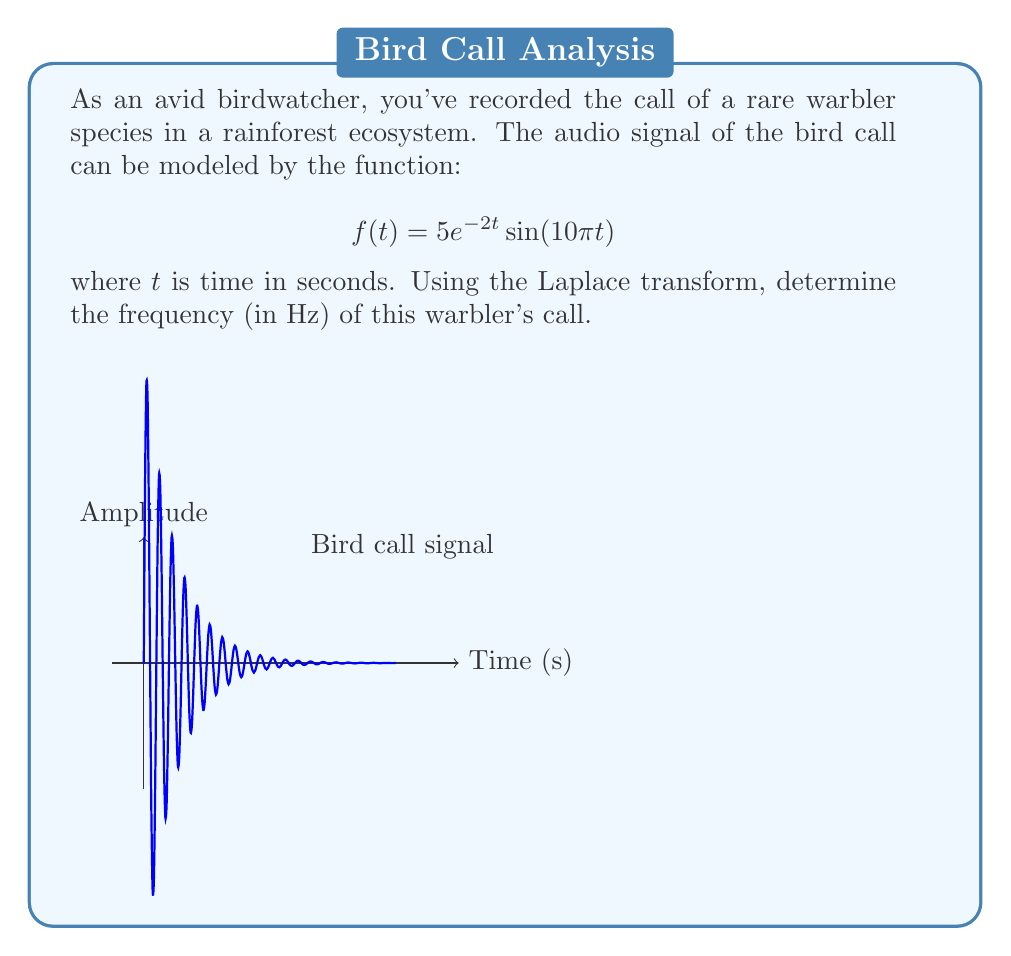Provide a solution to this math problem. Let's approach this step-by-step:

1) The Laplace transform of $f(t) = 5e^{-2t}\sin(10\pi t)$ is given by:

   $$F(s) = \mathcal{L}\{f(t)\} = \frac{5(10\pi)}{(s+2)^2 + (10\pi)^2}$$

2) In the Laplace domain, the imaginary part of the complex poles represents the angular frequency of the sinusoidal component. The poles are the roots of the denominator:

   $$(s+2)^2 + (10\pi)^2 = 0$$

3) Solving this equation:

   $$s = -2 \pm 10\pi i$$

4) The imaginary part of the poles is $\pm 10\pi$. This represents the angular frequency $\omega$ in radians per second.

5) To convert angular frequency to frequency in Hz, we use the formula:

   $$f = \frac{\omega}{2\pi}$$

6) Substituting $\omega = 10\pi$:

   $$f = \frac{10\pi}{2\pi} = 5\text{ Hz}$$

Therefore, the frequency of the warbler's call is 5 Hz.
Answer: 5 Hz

◇ ◇ ◇ ◇

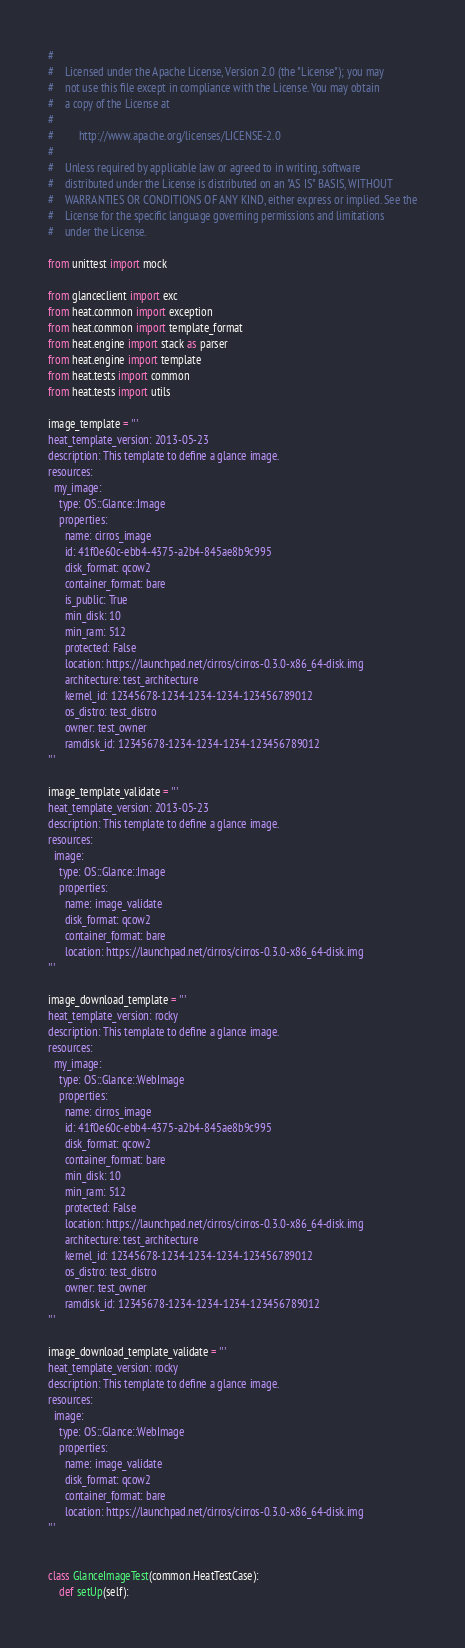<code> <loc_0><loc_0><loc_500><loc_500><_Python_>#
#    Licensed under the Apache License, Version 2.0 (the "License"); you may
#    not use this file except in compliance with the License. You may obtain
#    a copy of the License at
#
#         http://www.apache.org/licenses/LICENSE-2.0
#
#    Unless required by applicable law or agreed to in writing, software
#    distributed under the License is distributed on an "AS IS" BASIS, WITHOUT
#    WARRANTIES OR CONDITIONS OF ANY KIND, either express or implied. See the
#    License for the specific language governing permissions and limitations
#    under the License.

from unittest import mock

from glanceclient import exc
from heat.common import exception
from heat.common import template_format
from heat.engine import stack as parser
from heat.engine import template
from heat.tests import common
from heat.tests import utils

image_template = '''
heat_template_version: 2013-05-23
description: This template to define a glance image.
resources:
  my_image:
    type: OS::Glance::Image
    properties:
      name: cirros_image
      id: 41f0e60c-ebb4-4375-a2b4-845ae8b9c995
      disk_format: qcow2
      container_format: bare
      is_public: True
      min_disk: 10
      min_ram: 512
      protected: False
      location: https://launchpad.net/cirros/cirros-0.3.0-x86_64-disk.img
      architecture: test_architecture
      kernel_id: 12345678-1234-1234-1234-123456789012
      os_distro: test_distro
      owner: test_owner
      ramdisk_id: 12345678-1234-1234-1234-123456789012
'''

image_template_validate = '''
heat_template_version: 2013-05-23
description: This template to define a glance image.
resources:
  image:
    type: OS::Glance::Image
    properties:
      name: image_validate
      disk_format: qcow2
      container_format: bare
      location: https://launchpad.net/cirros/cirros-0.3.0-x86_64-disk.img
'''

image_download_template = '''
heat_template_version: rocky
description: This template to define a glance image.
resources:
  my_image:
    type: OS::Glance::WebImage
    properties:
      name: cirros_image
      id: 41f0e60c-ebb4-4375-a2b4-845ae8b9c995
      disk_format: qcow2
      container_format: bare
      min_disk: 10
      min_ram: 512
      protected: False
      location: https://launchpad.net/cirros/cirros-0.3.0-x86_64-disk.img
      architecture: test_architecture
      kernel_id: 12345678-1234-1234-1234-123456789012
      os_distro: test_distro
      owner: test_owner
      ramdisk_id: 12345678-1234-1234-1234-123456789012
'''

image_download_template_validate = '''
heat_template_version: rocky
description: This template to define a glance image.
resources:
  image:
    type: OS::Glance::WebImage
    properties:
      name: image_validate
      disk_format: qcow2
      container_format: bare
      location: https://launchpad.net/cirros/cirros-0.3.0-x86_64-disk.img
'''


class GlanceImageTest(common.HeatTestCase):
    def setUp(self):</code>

◇ ◇ ◇ ◇

For every line above that includes the string "engine", copy the line.

● Output for this exercise:
from heat.engine import stack as parser
from heat.engine import template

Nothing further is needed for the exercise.